Roman leaned back, letting out a breath. “Okay. Fair.”
He rubbed a hand over his face, then looked at her with honest frustration—not at her, but at the situation.
“I just…” He hesitated. “I think about how fun it could be. You in Jacksonville. Not just visiting. Not just squeezing in between weekends and events and games. Like—living. Doing normal stuff. Grocery shopping. Cooking terrible meals together. You making me watch some reality show and going to Home Depot to buy something mundane and domestic.”
Lacey’s lips trembled into a smile in spite of herself. “You’d be mobbed in Home Depot.”
He choked a laugh. “You severely overestimate my importance to the team. Another reason you should live with me in Jacksonville—to disabuse you of this notion that I’m famous or popular. Second-string all the way, baby. Tradeable, too.”
She winced at that.
“Hey, it’s a package deal of my reality.”
Lacey’s heart squeezed because she wanted the whole package with him, but at what price?
Yes, his career was big and rare. Being Tessa’s right hand wasn’t the same as being a second-string receiver for an NFL team. But, still. It was her life, and she’d just started building it.
“I’m not saying you need to move tomorrow,” he said. “Or even this month. I’m asking…can you imagine it?”
“I can,” Lacey said quickly. “That’s the problem. I can imagine it. And it’s…beautiful.”
“Then why do you look like you’re about to cry?”

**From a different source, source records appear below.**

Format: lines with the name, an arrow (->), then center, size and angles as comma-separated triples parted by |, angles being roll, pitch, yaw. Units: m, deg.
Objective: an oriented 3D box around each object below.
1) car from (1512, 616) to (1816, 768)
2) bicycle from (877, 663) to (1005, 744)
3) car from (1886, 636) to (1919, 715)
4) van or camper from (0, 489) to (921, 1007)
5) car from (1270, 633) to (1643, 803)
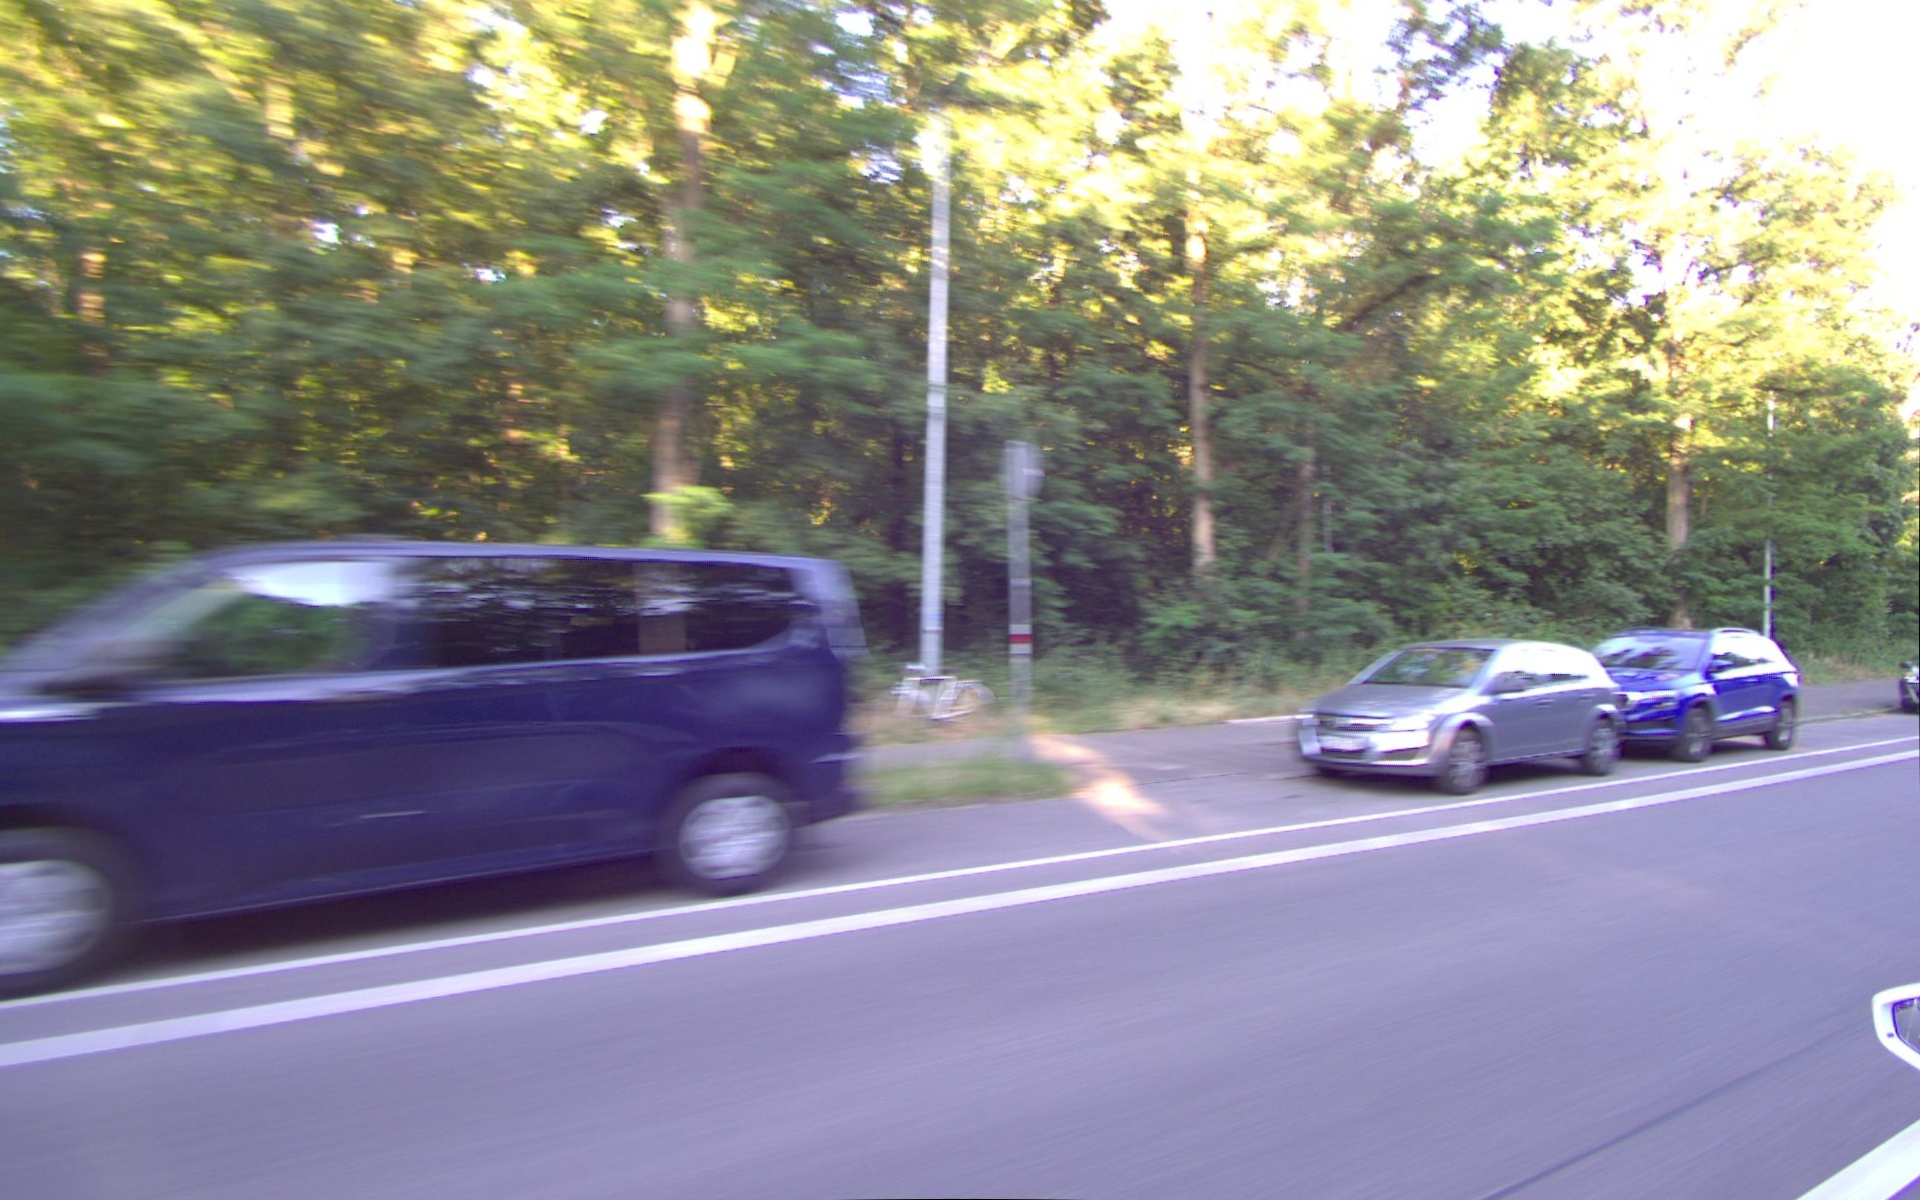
car -> 9.512, 1.138, 13.479 | 4.473, 1.734, 1.736 | 1, -3, -32
bicycle -> -0.232, 1.338, 13.229 | 1.698, 0.988, 0.451 | 1, -2, -31
car -> 20.856, 1.534, 20.840 | 4.000, 1.554, 1.606 | 2, -3, -35
van or camper -> -3.043, 0.660, 5.638 | 5.401, 2.044, 1.992 | 1, -4, -32
car -> 5.424, 1.131, 10.824 | 4.199, 1.521, 1.660 | 1, -3, -32

“Because I don’t know what happens tomein that version,” she said, the truth spilling out before she could polish it. “I don’t know who I am in Jacksonville. I don’t know where my life fits. I don’t know if I become…a girlfriend waiting around for your schedule, lost in the background.”
Roman’s eyebrows lifted, and he looked genuinely pained by the thought.
“No,” he said firmly. “No. Lace, I don’t want you to be lost.”
She stared at him.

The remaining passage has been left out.